La tristeza de los imanes

Tarta de seis años

Hoy he estado hablando con el señor Z. Le llamo así para preservar su intimidad. Esto es lo que me ha contado:

Cada vez que el señor Z se acuerda de algo que le falta, lo añade a la lista de la compra que con un imán ha fijado a la puerta del frigorífico. Al lado de esta lista hay otra. Lleva ahí desde hace tres meses. Sabe que tiene que quitarla, arrojarla a la basura, que no es bueno para él tenerla allí. Lo ha intentado pero no puede. Es como si él también tuviera un imán, de signo contrario, que alejara sus manos de la puerta y le impidiera hacer esos gestos tan sencillos de retirar el imán y deshacerse de la lista. En el último momento el índice y el pulgar de su mano derecha se retraen como dos niños temerosos.

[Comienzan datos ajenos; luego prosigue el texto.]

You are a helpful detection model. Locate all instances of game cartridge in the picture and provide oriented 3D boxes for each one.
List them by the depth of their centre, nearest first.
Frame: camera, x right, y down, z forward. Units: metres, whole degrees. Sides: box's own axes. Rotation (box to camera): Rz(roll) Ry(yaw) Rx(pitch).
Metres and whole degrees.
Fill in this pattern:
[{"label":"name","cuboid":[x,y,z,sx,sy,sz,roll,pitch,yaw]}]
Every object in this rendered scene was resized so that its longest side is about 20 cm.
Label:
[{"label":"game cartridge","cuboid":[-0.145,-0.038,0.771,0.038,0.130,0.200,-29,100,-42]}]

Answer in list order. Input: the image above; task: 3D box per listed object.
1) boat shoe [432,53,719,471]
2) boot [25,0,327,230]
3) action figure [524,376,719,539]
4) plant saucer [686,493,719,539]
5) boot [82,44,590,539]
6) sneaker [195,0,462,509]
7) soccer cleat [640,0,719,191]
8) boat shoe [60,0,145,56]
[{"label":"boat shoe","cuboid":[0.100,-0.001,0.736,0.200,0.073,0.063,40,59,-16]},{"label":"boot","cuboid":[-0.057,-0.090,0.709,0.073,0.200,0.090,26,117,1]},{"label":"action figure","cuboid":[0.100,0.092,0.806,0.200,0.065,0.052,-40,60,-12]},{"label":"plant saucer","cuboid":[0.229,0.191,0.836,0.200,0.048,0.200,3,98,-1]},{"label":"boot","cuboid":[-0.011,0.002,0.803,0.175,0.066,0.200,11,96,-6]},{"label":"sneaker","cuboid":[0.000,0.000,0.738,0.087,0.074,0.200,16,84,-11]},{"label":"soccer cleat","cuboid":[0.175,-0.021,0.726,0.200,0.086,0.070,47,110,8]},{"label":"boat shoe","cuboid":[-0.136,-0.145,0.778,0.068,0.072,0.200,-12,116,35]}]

La lista que lleva tres meses en la puerta del frigorífico es la siguiente: 1 kilo de naranjas, 1 kilo de peras, 1 kilo de plátanos, una bandeja de calabacines, una botella de cinco litros de aceite de oliva, una caja de galletas Chiquilín, embutido (elige tú), yogures naturales sin azúcar, una caja de leche semidesnatada. Para el cumple: platos, servilletas y vasos de plástico, todo con motivos infantiles; tenedores, cucharas y cuchillos también de plástico; una vela de los seis años, helados varios y una tarta (elige tú), una piñata, globos y lo que se te ocurra.

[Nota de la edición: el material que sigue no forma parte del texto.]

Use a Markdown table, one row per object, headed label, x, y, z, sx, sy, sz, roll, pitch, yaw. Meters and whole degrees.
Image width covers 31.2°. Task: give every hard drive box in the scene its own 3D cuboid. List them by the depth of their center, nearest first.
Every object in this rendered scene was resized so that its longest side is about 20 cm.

La letra de esta lista es azul sobre un papel amarillo, con pequeñas flores en forma de margaritas dibujadas en los márgenes. Era la mujer del señor Z quien hacia las listas de la compra. Luego él, al salir del trabajo, se pasaba por el súper a esa hora en que casi no hay nadie, iba depositando los productos en el carro y los tachaba de la lista.

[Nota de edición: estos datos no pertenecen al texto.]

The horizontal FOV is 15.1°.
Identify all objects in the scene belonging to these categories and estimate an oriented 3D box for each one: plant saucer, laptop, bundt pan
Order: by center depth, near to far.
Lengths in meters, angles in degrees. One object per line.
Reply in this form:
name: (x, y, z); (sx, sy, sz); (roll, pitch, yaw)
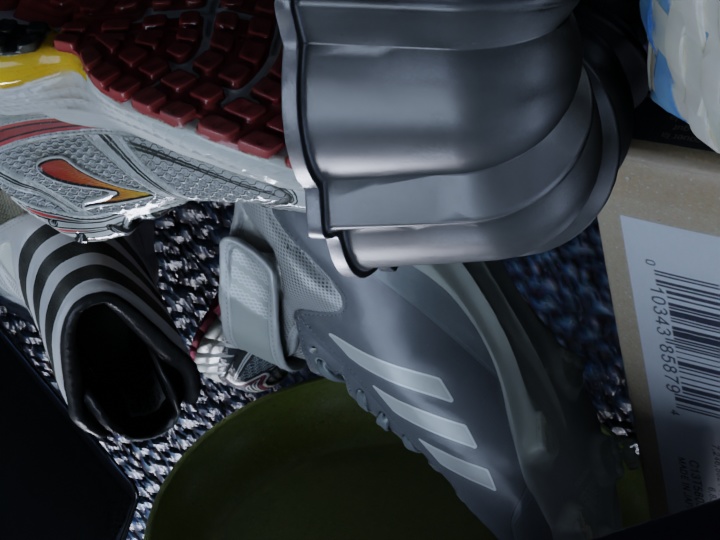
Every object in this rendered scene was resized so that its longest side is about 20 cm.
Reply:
bundt pan: (0.042, -0.094, 0.795); (0.075, 0.202, 0.203); (5, 134, 18)
plant saucer: (0.019, 0.111, 1.014); (0.199, 0.200, 0.031); (19, 132, 22)
laptop: (-0.132, 0.080, 1.163); (0.187, 0.116, 0.200); (48, -167, 26)

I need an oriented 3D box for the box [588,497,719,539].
box: (0.085, 0.182, 0.894); (0.183, 0.199, 0.104); (95, 153, -46)

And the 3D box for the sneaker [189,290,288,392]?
sneaker: (0.000, 0.000, 1.015); (0.075, 0.081, 0.200); (39, 143, -6)

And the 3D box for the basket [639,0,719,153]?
basket: (0.171, -0.075, 0.734); (0.200, 0.139, 0.177); (42, 152, 37)

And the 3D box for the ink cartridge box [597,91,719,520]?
ink cartridge box: (0.173, 0.027, 0.908); (0.164, 0.075, 0.201); (13, 136, 31)

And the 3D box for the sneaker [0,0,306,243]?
sneaker: (-0.069, -0.051, 0.902); (0.199, 0.078, 0.082); (15, 134, 31)

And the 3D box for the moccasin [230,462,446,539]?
moccasin: (-0.006, 0.128, 1.068); (0.078, 0.201, 0.074); (54, 142, 35)

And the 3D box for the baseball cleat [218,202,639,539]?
baseball cleat: (0.018, 0.032, 0.942); (0.106, 0.070, 0.201); (-20, 101, 30)

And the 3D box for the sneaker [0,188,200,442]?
sneaker: (-0.106, 0.022, 1.053); (0.201, 0.075, 0.116); (78, 171, -73)

Ahora es el señor Z quien hace la lista de la compra. Para él solo. Pero cuando ya en el súper empuja el carro, con esa ostensible cojera que le ha quedado, no puede evitar pensar en lo que él llama “el destino de la lista”, y se pregunta, con una tristeza que le encoge el corazón, adónde irían a parar todas aquellas cosas que no llegó a comprar, y sobre todo: ¿qué otro cumpleaños alumbró la vela de los seis años?

 

Hormigas

Hormigas

Hoy no me he levantado bien. Con una tristeza que no sé de dónde me viene. Quizá de una mala digestión, o de un mal sueño que ahora no recuerdo, o de alguna de esas reacciones que se producen en el laboratorio clandestino de nuestro cuerpo y sobre las que no tenemos control, o quizá ha sido la luz pálida que se ha filtrado por las rendijas de la persiana y ha dejado en el aire un poso de nostalgia sin objeto, por todo y por nada.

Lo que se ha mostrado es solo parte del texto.